Mengenai kebenaran kisah Kasimu Motoro ini, guru besar di Universitas Negeri Gorontalo Prof. Dr Nani Tuloli, dalam Jurnal Kebudayaan Tanggomo (2011), mengatakan, cerita itu tak pernah terjadi.
Masing-masing wilayah di Gorontalo mengeklaim peristiwa itu terjadi di daerahnya. Ini yang menjadi letak keraguan dari kebenaran kisah itu.
Tahun 1990, Nani Tuloli menyusun Disertasi untuk meraih gelar doktoral di Universitas Indonesia, dengan judul “Tanggomo, salah satu ragam sastra lisan Gorontalo”.
Menurut Nani, satu-satunya fakta yang nampak jelas adalah kecerdasan pengisah Tanggomo, yang berhasil menyatakan imajinasinya itu hingga merasuk jauh pada benak ingatan setiap orang yang menyimak.

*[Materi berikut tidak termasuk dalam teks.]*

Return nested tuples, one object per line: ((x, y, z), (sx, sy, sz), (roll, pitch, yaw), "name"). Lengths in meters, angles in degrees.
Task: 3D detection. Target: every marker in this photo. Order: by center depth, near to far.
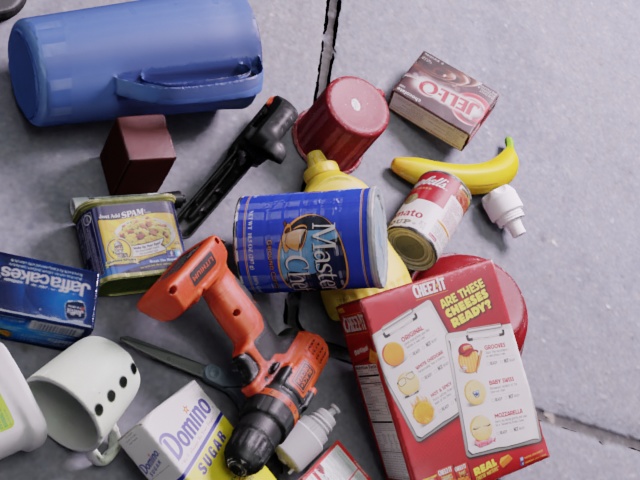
((-0.194, -0.038, 1.089), (0.120, 0.020, 0.020), (-6, 67, -30), "marker")

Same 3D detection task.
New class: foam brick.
((-0.185, -0.085, 1.083), (0.051, 0.078, 0.053), (-7, 68, -29), "foam brick")

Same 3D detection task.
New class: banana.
((0.177, -0.083, 1.300), (0.197, 0.037, 0.070), (-11, 46, -34), "banana")

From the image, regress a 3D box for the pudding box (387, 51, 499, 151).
((0.151, -0.172, 1.315), (0.113, 0.039, 0.090), (30, 52, 10), "pudding box")

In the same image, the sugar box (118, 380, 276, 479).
((-0.094, 0.221, 0.972), (0.176, 0.048, 0.093), (52, 32, 2), "sugar box")

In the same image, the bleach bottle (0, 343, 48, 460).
((-0.357, 0.175, 0.864), (0.250, 0.068, 0.102), (-24, 76, -33), "bleach bottle")

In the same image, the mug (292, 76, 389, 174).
((0.034, -0.138, 1.223), (0.117, 0.082, 0.093), (-36, 84, -36), "mug")

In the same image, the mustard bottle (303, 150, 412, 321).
((0.025, -0.012, 1.164), (0.096, 0.058, 0.192), (-15, 71, -19), "mustard bottle")

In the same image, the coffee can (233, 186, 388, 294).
((-0.007, 0.001, 1.075), (0.140, 0.103, 0.103), (-3, 60, 11), "coffee can")

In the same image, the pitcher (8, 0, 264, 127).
((-0.185, -0.182, 1.100), (0.242, 0.149, 0.145), (-13, 82, -29), "pitcher")

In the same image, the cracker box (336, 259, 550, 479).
((0.125, 0.145, 1.087), (0.164, 0.072, 0.214), (-15, 87, -26), "cracker box")

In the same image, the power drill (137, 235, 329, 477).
((-0.083, 0.103, 0.994), (0.187, 0.057, 0.184), (52, 36, -14), "power drill")

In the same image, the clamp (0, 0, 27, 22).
((-0.346, -0.295, 1.136), (0.120, 0.039, 0.171), (36, 54, -4), "clamp")

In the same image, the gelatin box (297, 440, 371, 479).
((0.015, 0.244, 1.021), (0.073, 0.030, 0.089), (49, 29, 4), "gelatin box")

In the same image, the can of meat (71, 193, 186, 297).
((-0.183, 0.006, 1.048), (0.101, 0.058, 0.084), (-6, 69, -30), "can of meat")

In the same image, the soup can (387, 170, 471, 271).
((0.122, -0.022, 1.215), (0.068, 0.069, 0.102), (38, 54, -4), "soup can")

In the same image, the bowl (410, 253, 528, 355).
((0.177, 0.077, 1.198), (0.162, 0.055, 0.162), (13, 59, -22), "bowl")

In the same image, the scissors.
((-0.092, 0.123, 1.057), (0.201, 0.016, 0.096), (37, 52, -6), "scissors")

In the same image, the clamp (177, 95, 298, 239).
((-0.078, -0.090, 1.130), (0.036, 0.165, 0.209), (45, 28, -15), "clamp")

Kini kisah Kasimu Motoro yang dibawakan dalam seni teater monolog saat pertunjukan Lingkar Seni Wallacea, tetap menarik dan membuat pengunjung terdiam dan menyimak setiap adegan dan narasi.
Pesan moral dalam cerita Kasimu Motoro yang biasanya dengan iringan gambus oleh Ta Motanggomo, disampaikan melalui seni teater monolog.
Ini, seperti kata Dr Riana Diah, masyarakat dapat menerima hal baru.